• What you need to do:
Restate the records in full and exactly, with no images included.

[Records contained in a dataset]
-- Opening Marker --

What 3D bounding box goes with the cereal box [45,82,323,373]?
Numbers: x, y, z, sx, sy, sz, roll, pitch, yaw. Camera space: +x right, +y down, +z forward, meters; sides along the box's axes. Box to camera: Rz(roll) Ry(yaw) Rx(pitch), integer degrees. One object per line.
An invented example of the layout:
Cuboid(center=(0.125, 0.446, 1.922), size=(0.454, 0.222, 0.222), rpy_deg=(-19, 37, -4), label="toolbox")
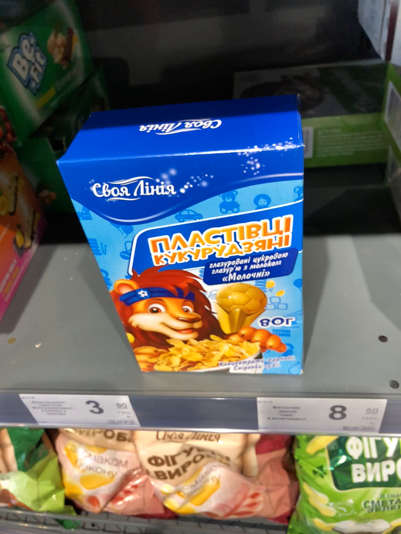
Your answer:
Cuboid(center=(0.003, -0.009, 0.270), size=(0.120, 0.169, 0.060), rpy_deg=(-2, 44, 8), label="cereal box")
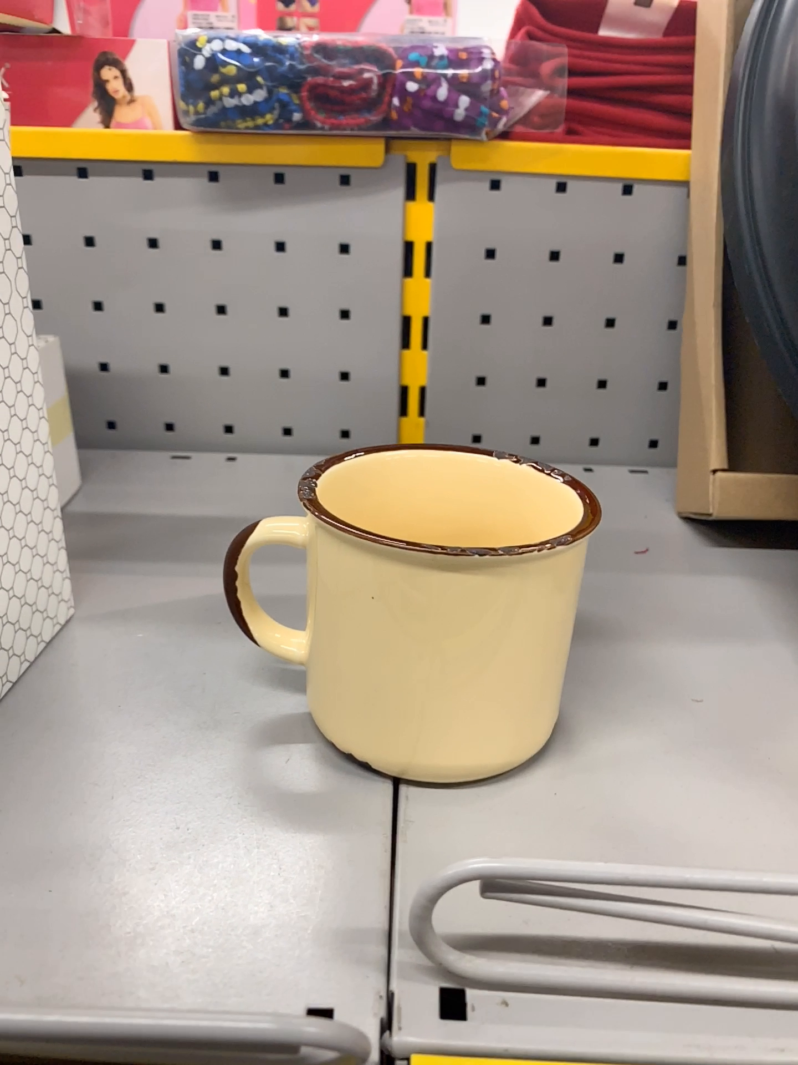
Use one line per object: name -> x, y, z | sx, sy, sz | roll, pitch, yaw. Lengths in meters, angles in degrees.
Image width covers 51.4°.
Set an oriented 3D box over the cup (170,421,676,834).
cup -> 0.008, 0.021, 0.253 | 0.120, 0.080, 0.090 | 4, 24, 5
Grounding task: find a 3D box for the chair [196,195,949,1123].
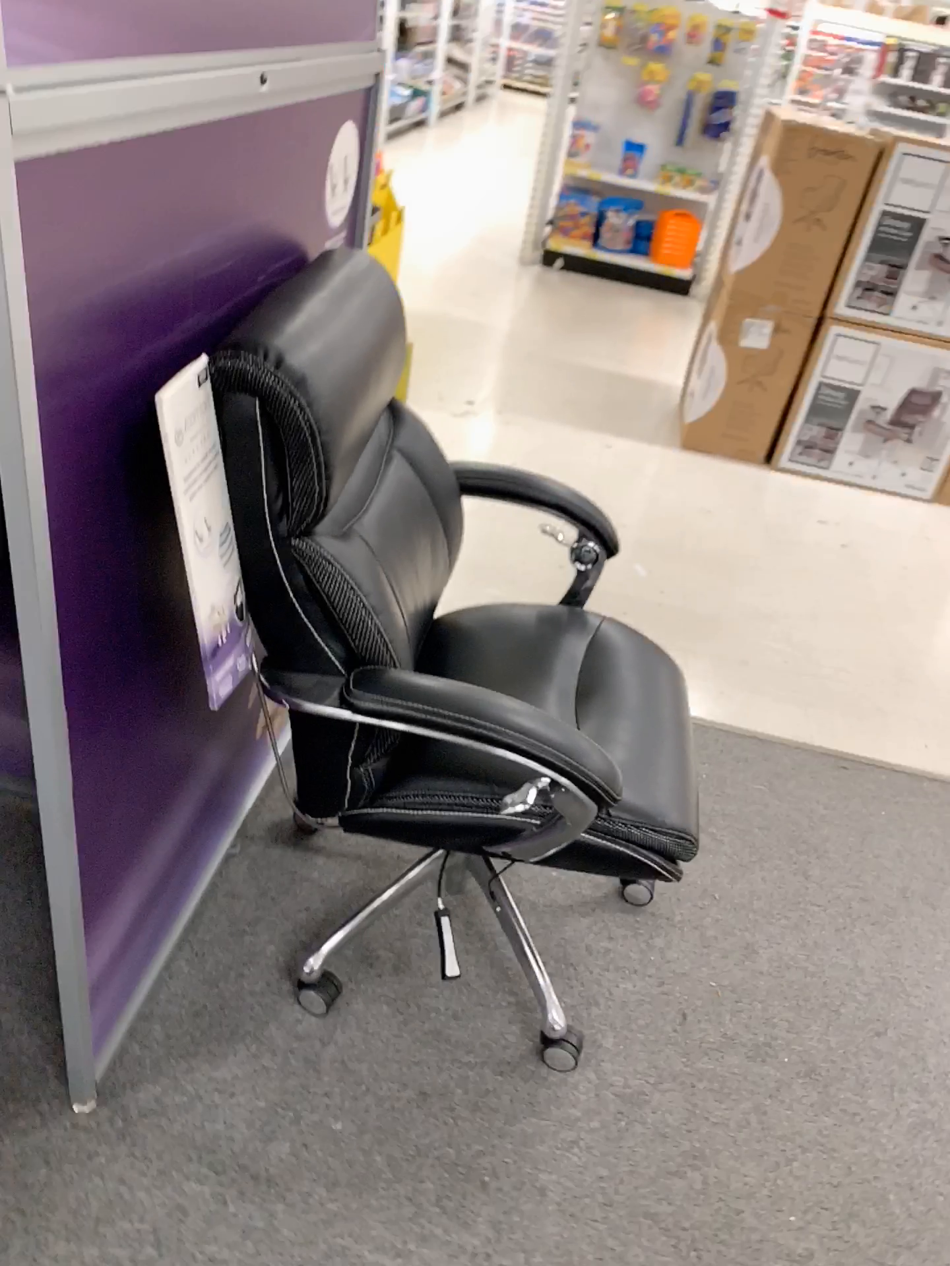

-- Closing Marker --

• Your solution:
What 3D bounding box goes with the cereal box [45,82,323,373]?
Numbers: x, y, z, sx, sy, sz, roll, pitch, yaw. Camera space: +x right, +y down, +z forward, meters; sides along the box's axes. Box to camera: Rz(roll) Ry(yaw) Rx(pitch), integer degrees. One object per line.
An invented example of the layout:
Cuboid(center=(0.125, 0.446, 1.922), size=(0.454, 0.222, 0.222), rpy_deg=(-19, 37, -4), label="toolbox")
Your answer:
Cuboid(center=(0.003, -0.009, 0.270), size=(0.120, 0.169, 0.060), rpy_deg=(-2, 44, 8), label="cereal box")
Use one line per object: name -> x, y, z | sx, sy, sz | roll, pitch, yaw. Lengths in meters, angles in degrees.
Image width covers 51.4°.
Set an oriented 3D box over the cup (170,421,676,834).
cup -> 0.008, 0.021, 0.253 | 0.120, 0.080, 0.090 | 4, 24, 5
Grounding task: find a 3D box for the chair [196,195,949,1123].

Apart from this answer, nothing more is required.